Information given:
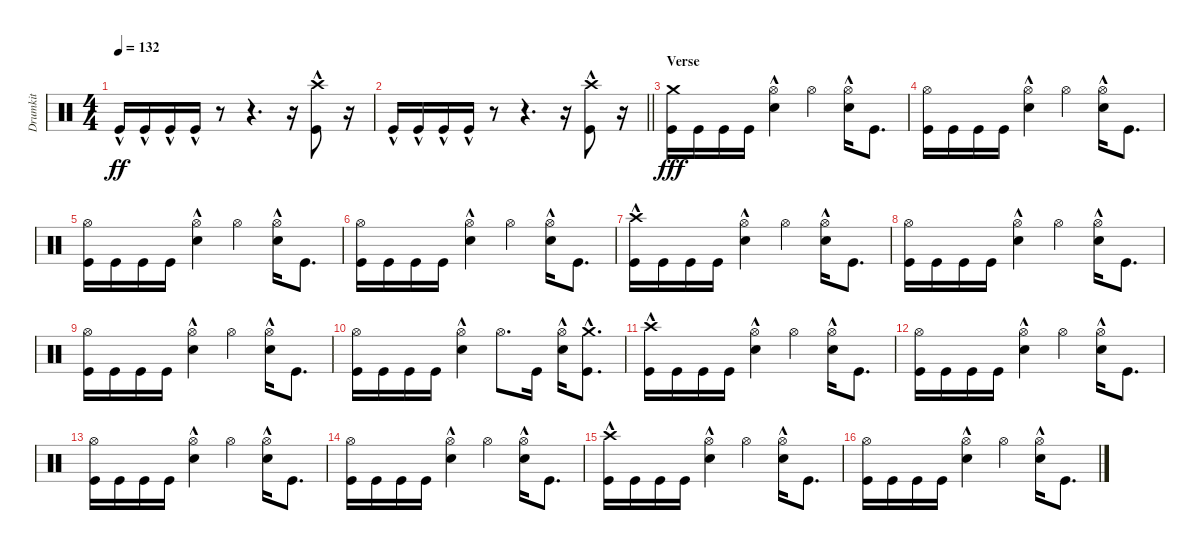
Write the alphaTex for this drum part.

\track ("Drumkit" "Drumkit") {instrument percussion}
\staff {score}
\articulation defaults
\ts (4 4)
\tempo 132
\clef neutral
\ks c "Kick (hit)"{hac}.16{dy ff} "Kick (hit)"{hac}.16 "Kick (hit)"{hac}.16 "Kick (hit)"{hac}.16
r.8 r.4{d} r.16 ("Kick (hit)"{hac} "Crash high (hit)"{hac}).8 r.16 |
\barLineRight lightlight "Kick (hit)"{hac}.16 "Kick (hit)"{hac}.16 "Kick (hit)"{hac}.16 "Kick (hit)"{hac}.16
r.8 r.4{d} r.16 ("Kick (hit)"{hac} "Crash high (hit)"{hac}).8 r.16 |
\section ("" "Verse")
("Kick (hit)" "Crash medium (hit)").16{dy fff} "Kick (hit)".16 "Kick (hit)".16 "Kick (hit)".16 ("Snare (hit) 2"{hac} "Hi-Hat (open)").4 "Hi-Hat (open)".4 ("Snare (hit) 2"{hac} "Hi-Hat (open)").16 "Kick (hit)".8{d} |
("Kick (hit)" "Hi-Hat (open)").16 "Kick (hit)".16 "Kick (hit)".16 "Kick (hit)".16 ("Snare (hit) 2"{hac} "Hi-Hat (open)").4 "Hi-Hat (open)".4 ("Snare (hit) 2"{hac} "Hi-Hat (open)").16 "Kick (hit)".8{d} |
("Kick (hit)" "Hi-Hat (open)").16 "Kick (hit)".16 "Kick (hit)".16 "Kick (hit)".16 ("Snare (hit) 2"{hac} "Hi-Hat (open)").4 "Hi-Hat (open)".4 ("Snare (hit) 2"{hac} "Hi-Hat (open)").16 "Kick (hit)".8{d} |
("Kick (hit)" "Hi-Hat (open)").16 "Kick (hit)".16 "Kick (hit)".16 "Kick (hit)".16 ("Snare (hit) 2"{hac} "Hi-Hat (open)").4 "Hi-Hat (open)".4 ("Snare (hit) 2"{hac} "Hi-Hat (open)").16 "Kick (hit)".8{d} |
("Kick (hit)" "Crash high (hit)"{hac}).16 "Kick (hit)".16 "Kick (hit)".16 "Kick (hit)".16 ("Snare (hit) 2"{hac} "Hi-Hat (open)").4 "Hi-Hat (open)".4 ("Snare (hit) 2"{hac} "Hi-Hat (open)").16 "Kick (hit)".8{d} |
("Kick (hit)" "Hi-Hat (open)").16 "Kick (hit)".16 "Kick (hit)".16 "Kick (hit)".16 ("Snare (hit) 2"{hac} "Hi-Hat (open)").4 "Hi-Hat (open)".4 ("Snare (hit) 2"{hac} "Hi-Hat (open)").16 "Kick (hit)".8{d} |
("Kick (hit)" "Hi-Hat (open)").16 "Kick (hit)".16 "Kick (hit)".16 "Kick (hit)".16 ("Snare (hit) 2"{hac} "Hi-Hat (open)").4 "Hi-Hat (open)".4 ("Snare (hit) 2"{hac} "Hi-Hat (open)").16 "Kick (hit)".8{d} |
("Kick (hit)" "Hi-Hat (open)").16 "Kick (hit)".16 "Kick (hit)".16 "Kick (hit)".16 ("Snare (hit) 2"{hac} "Hi-Hat (open)").4 "Hi-Hat (open)".8{d} "Kick (hit)".16 ("Snare (hit) 2"{hac} "Hi-Hat (open)").16 ("Kick (hit)" "Crash medium (hit)"{hac}).8{d} |
("Kick (hit)" "Crash high (hit)"{hac}).16 "Kick (hit)".16 "Kick (hit)".16 "Kick (hit)".16 ("Snare (hit) 2"{hac} "Hi-Hat (open)").4 "Hi-Hat (open)".4 ("Snare (hit) 2"{hac} "Hi-Hat (open)").16 "Kick (hit)".8{d} |
("Kick (hit)" "Hi-Hat (open)").16 "Kick (hit)".16 "Kick (hit)".16 "Kick (hit)".16 ("Snare (hit) 2"{hac} "Hi-Hat (open)").4 "Hi-Hat (open)".4 ("Snare (hit) 2"{hac} "Hi-Hat (open)").16 "Kick (hit)".8{d} |
("Kick (hit)" "Hi-Hat (open)").16 "Kick (hit)".16 "Kick (hit)".16 "Kick (hit)".16 ("Snare (hit) 2"{hac} "Hi-Hat (open)").4 "Hi-Hat (open)".4 ("Snare (hit) 2"{hac} "Hi-Hat (open)").16 "Kick (hit)".8{d} |
("Kick (hit)" "Hi-Hat (open)").16 "Kick (hit)".16 "Kick (hit)".16 "Kick (hit)".16 ("Snare (hit) 2"{hac} "Hi-Hat (open)").4 "Hi-Hat (open)".4 ("Snare (hit) 2"{hac} "Hi-Hat (open)").16 "Kick (hit)".8{d} |
("Kick (hit)" "Crash high (hit)"{hac}).16 "Kick (hit)".16 "Kick (hit)".16 "Kick (hit)".16 ("Snare (hit) 2"{hac} "Hi-Hat (open)").4 "Hi-Hat (open)".4 ("Snare (hit) 2"{hac} "Hi-Hat (open)").16 "Kick (hit)".8{d} |
("Kick (hit)" "Hi-Hat (open)").16 "Kick (hit)".16 "Kick (hit)".16 "Kick (hit)".16 ("Snare (hit) 2"{hac} "Hi-Hat (open)").4 "Hi-Hat (open)".4 ("Snare (hit) 2"{hac} "Hi-Hat (open)").16 "Kick (hit)".8{d}

Your instructions:
Pick out the lines above containing the word "medium", then copy them.

Solution to the problem:
("Kick (hit)" "Crash medium (hit)").16{dy fff} "Kick (hit)".16 "Kick (hit)".16 "Kick (hit)".16 ("Snare (hit) 2"{hac} "Hi-Hat (open)").4 "Hi-Hat (open)".4 ("Snare (hit) 2"{hac} "Hi-Hat (open)").16 "Kick (hit)".8{d} |
("Kick (hit)" "Hi-Hat (open)").16 "Kick (hit)".16 "Kick (hit)".16 "Kick (hit)".16 ("Snare (hit) 2"{hac} "Hi-Hat (open)").4 "Hi-Hat (open)".8{d} "Kick (hit)".16 ("Snare (hit) 2"{hac} "Hi-Hat (open)").16 ("Kick (hit)" "Crash medium (hit)"{hac}).8{d} |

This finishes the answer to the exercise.